Acuerdos y convicciones

Publicado : 22 Agosto, 2014 en Carlos Ominami, Columnas Chile 21

|por Carlos Ominami|


UNA COSA son los acuerdos en democracia y otra bien distinta la democracia de los acuerdos. Los acuerdos son un instrumento importante, a veces fundamental, en el correcto funcionamiento de una democracia. Ellos ofrecen la posibilidad de constituir las mayorías indispensables para avanzar y son también la manera de asegurar mayor estabilidad y proyección a transformaciones de fondo. Todo esto es obvio, puro sentido común. 

La discusión planteada en Chile es más compleja. El desplome de la democracia y los 17 años de dictadura obligaron a una transición compleja en la cual imperó la llamada democracia de los acuerdos. Esta obligaba a buscar grandes entendimientos, cercanos a veces a la unanimidad, para impulsar cambios de alguna trascendencia. Las circunstancias no dejaban  espacio para el libre juego de mayorías y minorías propio de la democracia. Las convicciones tenían poca cabida. Eran tiempos fecundos para las tratativas y las concesiones. 

Sabíamos que esa era la realidad del país producto de nuestra peculiar transición y no tuvimos más opción que asumirla. La fragilidad de la naciente institucionalidad democrática, el peso abrumador de los poderes fácticos y la permanencia de Pinochet en la Comandancia en Jefe del Ejército provocaron una suerte de estado de excepción, que operó como camisa de fuerza al interior del sistema democrático en construcción. 

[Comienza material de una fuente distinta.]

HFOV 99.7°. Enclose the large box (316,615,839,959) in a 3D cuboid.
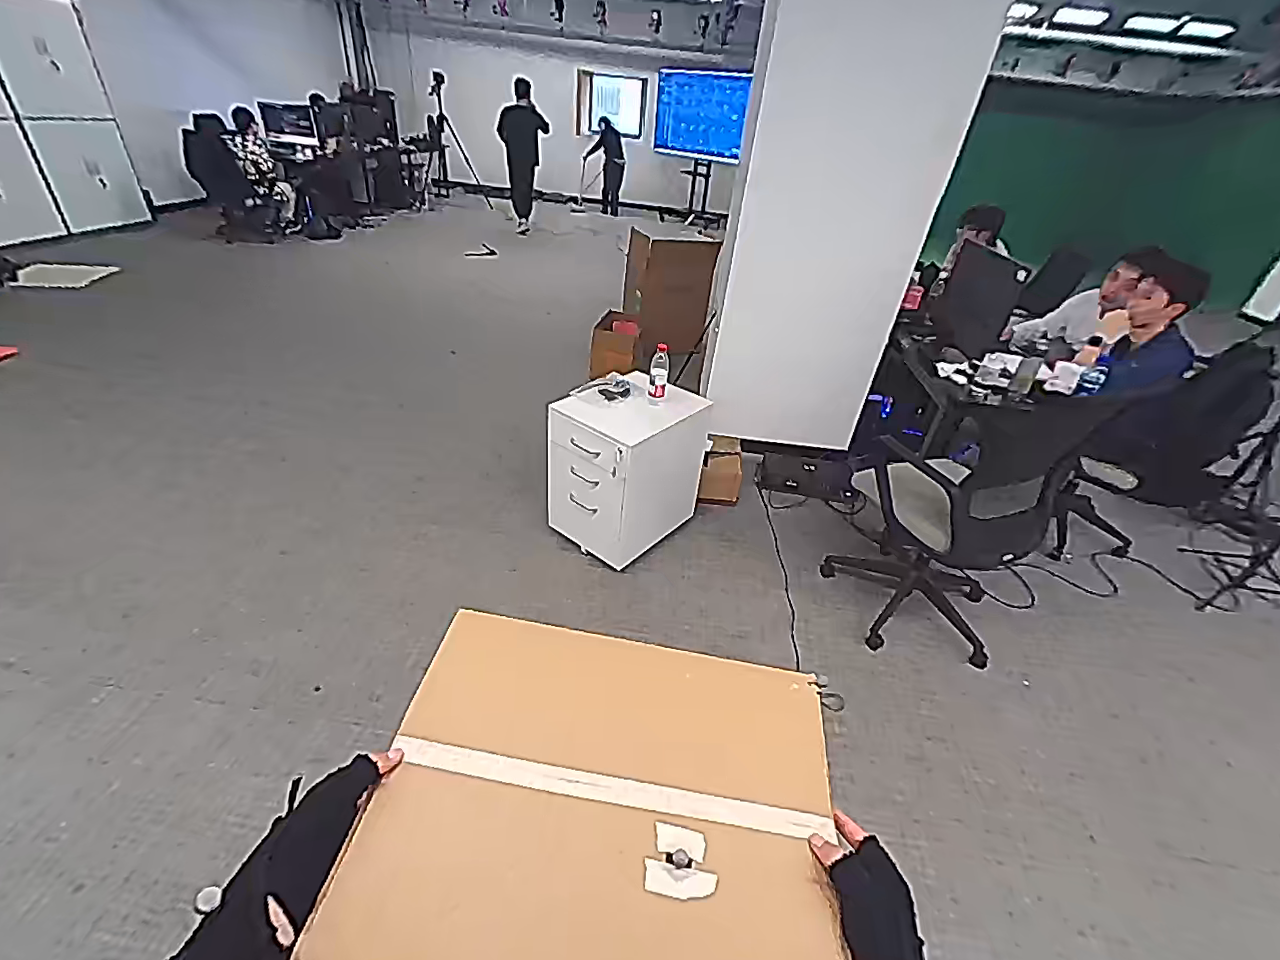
[{"bbox_3d":[-0.044,0.396,0.597,0.408,0.320,0.320,11,41,2],"label":"large box"}]
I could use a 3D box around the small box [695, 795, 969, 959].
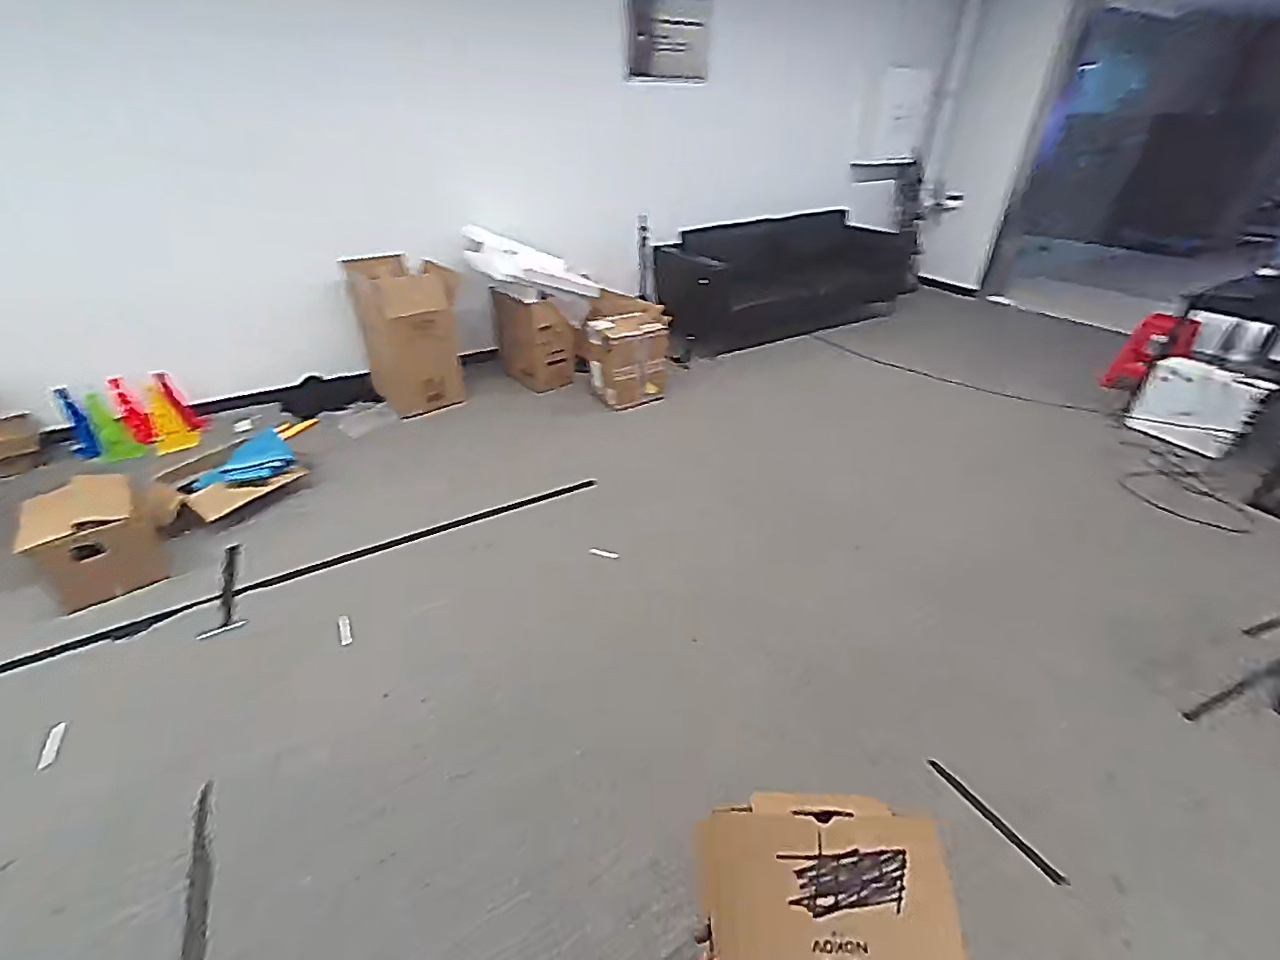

La democracia de los acuerdos tuvo el mérito de hacer posible la consolidación de un sistema básico de libertades. Sin embargo, tuvo como contrapartida la generación de un gran distanciamiento de la ciudadanía respecto de las instituciones. Se acentuó en la gente la noción de que, finalmente, no hay opciones y que da todo más o menos lo mismo. La democracia perdió energía y capacidad transformadora. Esta es la situación en la actualidad que se busca superar. Michelle Bachelet pidió y obtuvo un gran respaldo ciudadano para hacer posible este objetivo.

Desde el nuevo gobierno soplan vientos de cambios que apuntan a impulsar importantes reformas. Los sectores conservadores saben que no están en situación de dar una batalla frontal. Su estrategia es oblicua y para su ejecución buscan reeditar la democracia de los acuerdos.

Con el discurso de que el programa comprometido no es una biblia o que no se puede gobernar a partir de la voz de la calle, se pretende desnaturalizar las reformas y fracturar la mayoría que se expresó a favor de una opción de transformación. 

Los acuerdos son importantes cuando enriquecen la voluntad mayoritaria. Por el contrario, lesionan la democracia cuando son un pretexto para obstaculizar los cambios e inhibir la expresión de las convicciones.

La democracia se construye a través de consensos y disensos. La unanimidad es una condición rara que se logra principalmente a partir de un  mínimo común denominador, que es a menudo sinónimo de mediocridad.

Una democracia sana es la que, reconociendo las contradicciones y los conflictos, abre espacios para su resolución de acuerdo con las convicciones que fueron capaces de generar el respaldo de la mayoría.